KEYS TO THE GAME: Stop North Carolina's running game. If the Tar Heels are able to move the ball behind TB Giovani Bernard, that is going to reduce the pressure on QB Bryn Renner, a high-completion percentage passer who is making better decisions every game. The Hurricanes need to continue to pound North Carolina with its running attack.
PLAYERS TO WATCH:
RB Lamar Miller -- Miller is the nation's No. 3 rusher (135.4 yards per game) and can break big plays. It appeared that Virginia Tech had him bottled up after holding him to just 20 yards in the first half, but Miller ripped off several big runs in the last two quarters and ended up with 166 for the game.

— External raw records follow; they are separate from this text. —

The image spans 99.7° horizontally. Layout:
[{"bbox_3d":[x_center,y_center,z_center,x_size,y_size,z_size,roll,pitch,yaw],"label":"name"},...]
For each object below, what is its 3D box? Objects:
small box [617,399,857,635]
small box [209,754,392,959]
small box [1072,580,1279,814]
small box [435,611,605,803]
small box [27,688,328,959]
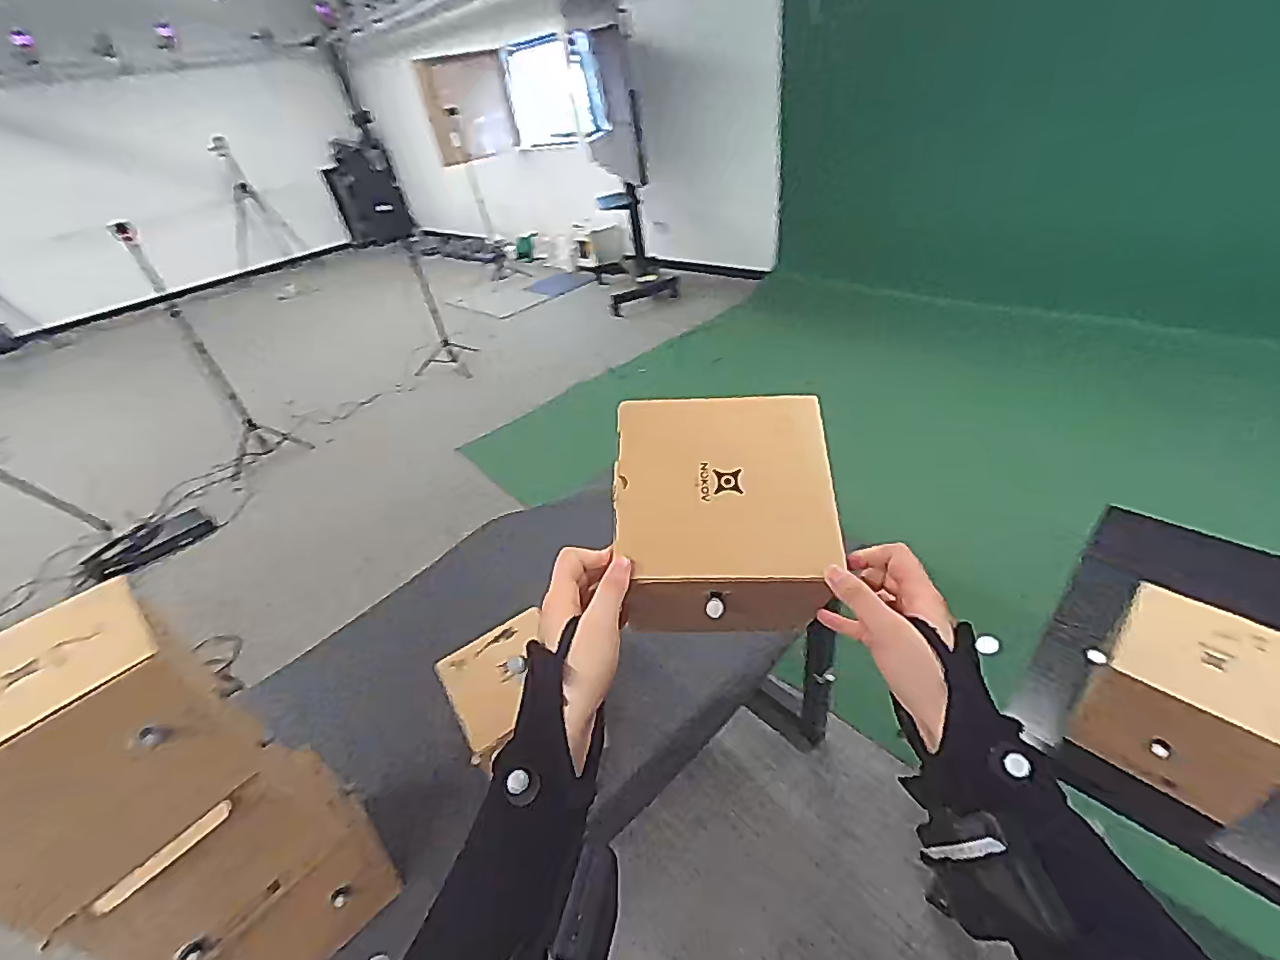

WR Tommy Streeter -- Pretty much ignored the last two years, the 6-5 Streeter has become a very effective target for QB Jacory Harris. Of Streeter's 14 receptions, four have been for touchdowns.
DE Anthony Chickillo -- A true freshman, Chickillo has earned a starting role and responded by leading the Hurricanes with 3.5 sacks among his 18 tackles. Only senior DT Micanor Regis has more tackles (22) among linemen for the Hurricanes.
--Junior DT Adewale Ojomo didn't play in the second half at Virginia Tech, but it is hoped he will be available for North Carolina. Miami released no specifics on his injury.
--True freshman DT Corey King could figure into the rotation in the defensive front because of the injuries that have hit the position.
--Sophomore RT Seantrel Henderson, who returned earlier than expected after having back surgery in August, is listed the backup behind redshirt freshman Jon Feliciano for the game against North Carolina.
--Senior FB Maurice Hagens and junior John Calhoun are listed as co-starters in the backfield.
--Senior LB Jordan Futch was seen as the likely successor to take over for injured LB Ramon Buchanan (out for the season) and he started against Virginia Tech, but sophomore Kelvin Cain, who has played the last two games, is listed as a co-starter.